México en el museo de las artes primeras
Fue hace casi 30 años, durante una cena en París en casa de Juan Soriano y Marek Keller, cuando comprendí qué era la coquetería al observar los grandes ojos de Cristina Rubalcava. Un parpadeo, un movimiento del globo ocular meciendo la pupila rodeada de su iris, de un lado a otro, arriba, abajo, a la izquierda, a la derecha. Una sonrisa enigmática, congelada como la luz en una fotografía, que promete secretos. Un reojo hacia su pecho, con ese poder de sus ojos que gobiernan, como un timón, la mirada de quien la mira. La coquetería debe ser eso: dirigir los ojos del otro a donde se pega la gana. Los ojos de Víctor parecían inmantados. Los de él y otros.
Así deben ser los ojos de “la putilla del rubor helado”. Cristina posee ese don, pero tiene también una inocencia en la mirada que provoca la carcajada del burlador de la muerte y causa la resurrección. Quizá por eso, nadie como ella para pintar a la Gran Coqueta: la calaca. A la manera de Posada, a la suya, sobre todo. ¿Quién si no ella puede fabricar catrinas que inspiran la costura del modista Ungaro?
Si Rubalcava sabe pintar la Virgen de Guadalupe como la imaginamos los mexicanos –el 12 de diciembre exhibe sus cuadros en su altar en la catedral de Notre-Dame de París– esta semana de “muertos y santos”, ha pintado y expuesto sus muertitos –como ella los llama– en el Museo des Arts Premiers, conocido por el sitio en que se encuentra como Quai Branly, sus muertitos.
El museo decidió festejar santos y conmemorar muertos de acuerdo con la tradición mexicana: calaveras que bailan, calacas de dulce, cráneos de muertos azucarados, paletas de chocolate con la forma de los muertitos diseñada por Rubalcava. Las actividades se multiplicaron durante una semana a la vez gastronómica, festiva y macabra –cabe recordar el origen francés de esta palabra, con la cual se designaba la danse maccabé, representación alegórica de la muerte que arrebata de este mundo a personajes de las más diversas condiciones en una ronda de baile, danza probablemente litúrgica de la época medieval representada para recordar que ante la muerte todos somos iguales y que nada se parece más a un esqueleto que otro esqueleto.

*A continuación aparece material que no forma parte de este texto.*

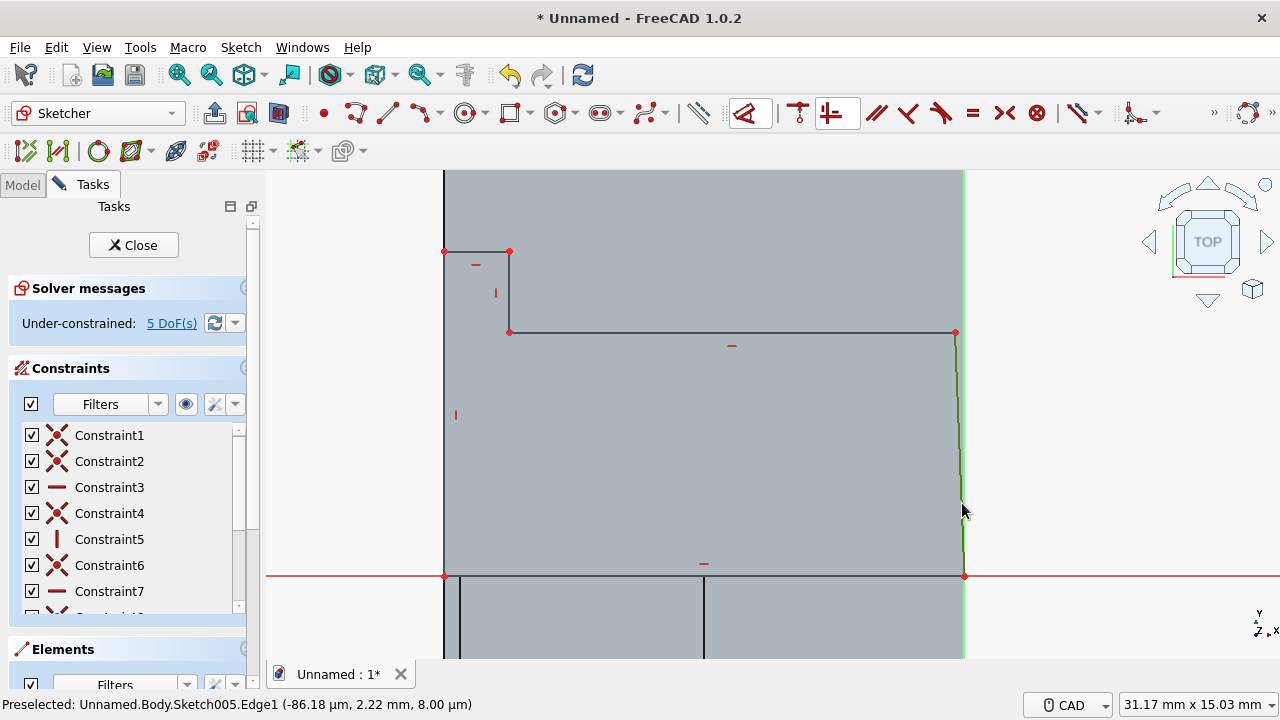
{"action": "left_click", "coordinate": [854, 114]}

El Museo del Quai Branly, creado por Jacques Chirac –cuya pasión por estas formas de artes es notoria– durante su presidencia de Francia para acoger piezas de las antiguas civilizaciones de América, Asia y África, fue auxiliado en este festejo a las tradiciones mexicanas por el Instituto de México en París al cual, por cierto, su actual directora, Carolina Becerril, ha hecho el milagro de resucitar: ardua labor después de la deleznable, ridícula, e incluso risible, gestión anterior.
Así, el público pudo seguir visitas guiadas de las colecciones mexicanas y americanas del museo, descubrir cómo cada pueblo de la América prehispánica aprehendió y domó a la muerte. Deleitarse con la misteriosa película de Roberto Gavaldón, Macario. Asistir a los talleres dirigidos por la actual directora del ballet de la Casa de México de la Cité Universitaire, Isaura Corlay, donde los visitantes pudieron darse la ilusión de bailar la danza de los concheros, el danzón, la polka o el son jarocho, bailes representados por cuatro bailarines el último día de este festejo.
Celebración a la tradición mexicana con el altar de muertos central creado por Rubalcava y con su mural, inspirado en las canciones de “Los cinco tigres: Recorrido de los corridos, expuesto en el museo, durante esta semana de muertos danzantes. Festejo que tuvo su culminación con la conferencia de Cristina sobre el muralismo enfrente de su tela-mural, donde los esqueletos bailan al son de la música: las asesinadas de Juárez, los muertos de Zacatecas, los difuntos de tantos rincones de México que entran en nuestra historia con su desaparición: Diego, a quien conoció a sus seis años en el barrio de San Ángel, como un vecino; Frida, que la asustaba con su lado sombrío, oscuro; Consuelito Velázquez, quien le respondió a su pregunta: “¿cómo compuso Bésame mucho? “Tenía 17 años y nunca había besado”.
Sin duda, en el Museo del Quai Branly, los muertitos de Cristina Rubalcava fueron devorados por unas mil 500 personas sin indigestarse y con verdadera gula.